Thursday, September 15, 2005

The real reason

now tht things in my life r getting back to normal, i finally found some time for thinking abt the past few days in detail. i think the main reason for all my bad moods and boredom and frustrations is the rains. i dont understand y there is no stop button for them. it is high time someone told them they cannot stay for this long. i cannot play cricket bcoz of them and feel all bottled up coz i keep moving between the home and coll which r all closed spaces. i just long to be out in the open where i can just let myself free and do whtever i want to. i think once tht happens i will be fine.
so neone who reads this plz pray tht the rains stop real quick and life gets exciting again.

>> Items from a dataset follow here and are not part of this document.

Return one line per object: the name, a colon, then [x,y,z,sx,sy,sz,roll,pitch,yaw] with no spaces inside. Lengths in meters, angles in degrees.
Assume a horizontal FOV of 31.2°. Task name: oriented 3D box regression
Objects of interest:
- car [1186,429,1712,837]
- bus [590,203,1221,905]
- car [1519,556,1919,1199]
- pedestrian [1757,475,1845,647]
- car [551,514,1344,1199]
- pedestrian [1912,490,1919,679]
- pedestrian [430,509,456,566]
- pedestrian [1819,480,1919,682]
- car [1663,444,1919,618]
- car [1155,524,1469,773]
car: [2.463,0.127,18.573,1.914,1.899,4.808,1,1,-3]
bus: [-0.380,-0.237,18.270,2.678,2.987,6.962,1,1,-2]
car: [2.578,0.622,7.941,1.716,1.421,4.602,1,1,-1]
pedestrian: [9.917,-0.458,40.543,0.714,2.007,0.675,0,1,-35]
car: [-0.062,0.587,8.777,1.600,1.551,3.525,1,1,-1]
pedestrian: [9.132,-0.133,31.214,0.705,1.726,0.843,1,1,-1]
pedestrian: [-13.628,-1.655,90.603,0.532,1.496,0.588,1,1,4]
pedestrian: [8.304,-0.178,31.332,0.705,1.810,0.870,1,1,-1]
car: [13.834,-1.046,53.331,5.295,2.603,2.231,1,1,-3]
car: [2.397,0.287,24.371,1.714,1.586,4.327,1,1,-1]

Wednesday, September 14, 2005

BACK TO NORMAL

the last two days have been some kind of an emotional roller coaster for me. from extreme low to a normal frame of mind in 2 days. and now it is back to normal once again.
i am beginning to like engineering again and i think it is bcoz of the fact the on opening my books today i finally found sumthin tht can keep away the boredom of everyday life.
strange tht relief comes in the form of books. most of the subjects this sem are not easy pushovers and so they will take up a lot of time to get thru. wht this means for me is tht i can now spend quite a lot of my time on those books without getting bored. never knew i wud thank the day when my subjects look tough. i have also decided to give fiction another chance and see where tht leads me. all in all i think the next few days will pass pretty smoothly. one more good thing to look forward to is tht there r no society activities for the next ten days in coll which translates into a lot of free time.so heres to a nice week

Tuesday, September 13, 2005

a little correction

neone reading yesterday's blog( i doubt whether if there is neone odr than me) must have surely felt tht i am goin deep into depression.
let me assure you( actually it is more for my own self) tht such is not the case.
i am perfectly fine and enjoying my life even tho i aint doin nething worthwhile(engg is hardly worthwhile) and nothin in my life will find a mention in even the crappiest newspaper, i am ok with my life and am in a waiting phase where i just wait for better things to happen.
so life goes on and hopefully the next 2 yrs will pass quickly.

after a long time

hi
long time eh????
dont knw y but i felt like writing today.its been 5 months and 20 days(approx) since i last wrote anything.
partly bcoz nothing new is happening in my life.engineering is getting more and more boring with each passing day.i now long for a break every second day.i have also started growing tired of playing the same games on my comp but dont want to start a new game coz i just mite get hooked on to it.reading also does not interest me a lot nemore.
so on the whole i can safely conclude tht life is taking a turn but definitely not for the better (well.......maybe in certain aspects but not on the whole)
i get the strong feelin tht sumthin sumwhere will have to give soon.maybe i will crack down and do sumthin i am not supposed to or sumthin like tht.
i think i am feeling increasingly edgy now a days and have started getting angry and also started xpressing it more frequently.i dont knw whether this is gud or bad.
i dont like my college nemore,i am beginning to not like my home nemore.just long to get away from all of this and maybe.............i dont knw wht
sorry if this feels like a loser whining his way to glory but thts how i feel currently .
my only hope comes from the fact tht i am beginning to realise tht sumthin is wrong with me and tht i need to find it out and start rectifying it.maybe it will take time and tht is one thing i seem to have an abundance of with very little idea of wht to do with it.
i seriously think my life wud have been better had i been studying in some place far from home.even a remote village wud have been ok.
the more i think abt it,i realise tht i have to be patient for another 2 yrs and just exist till then.
after tht hopefully i shall start living.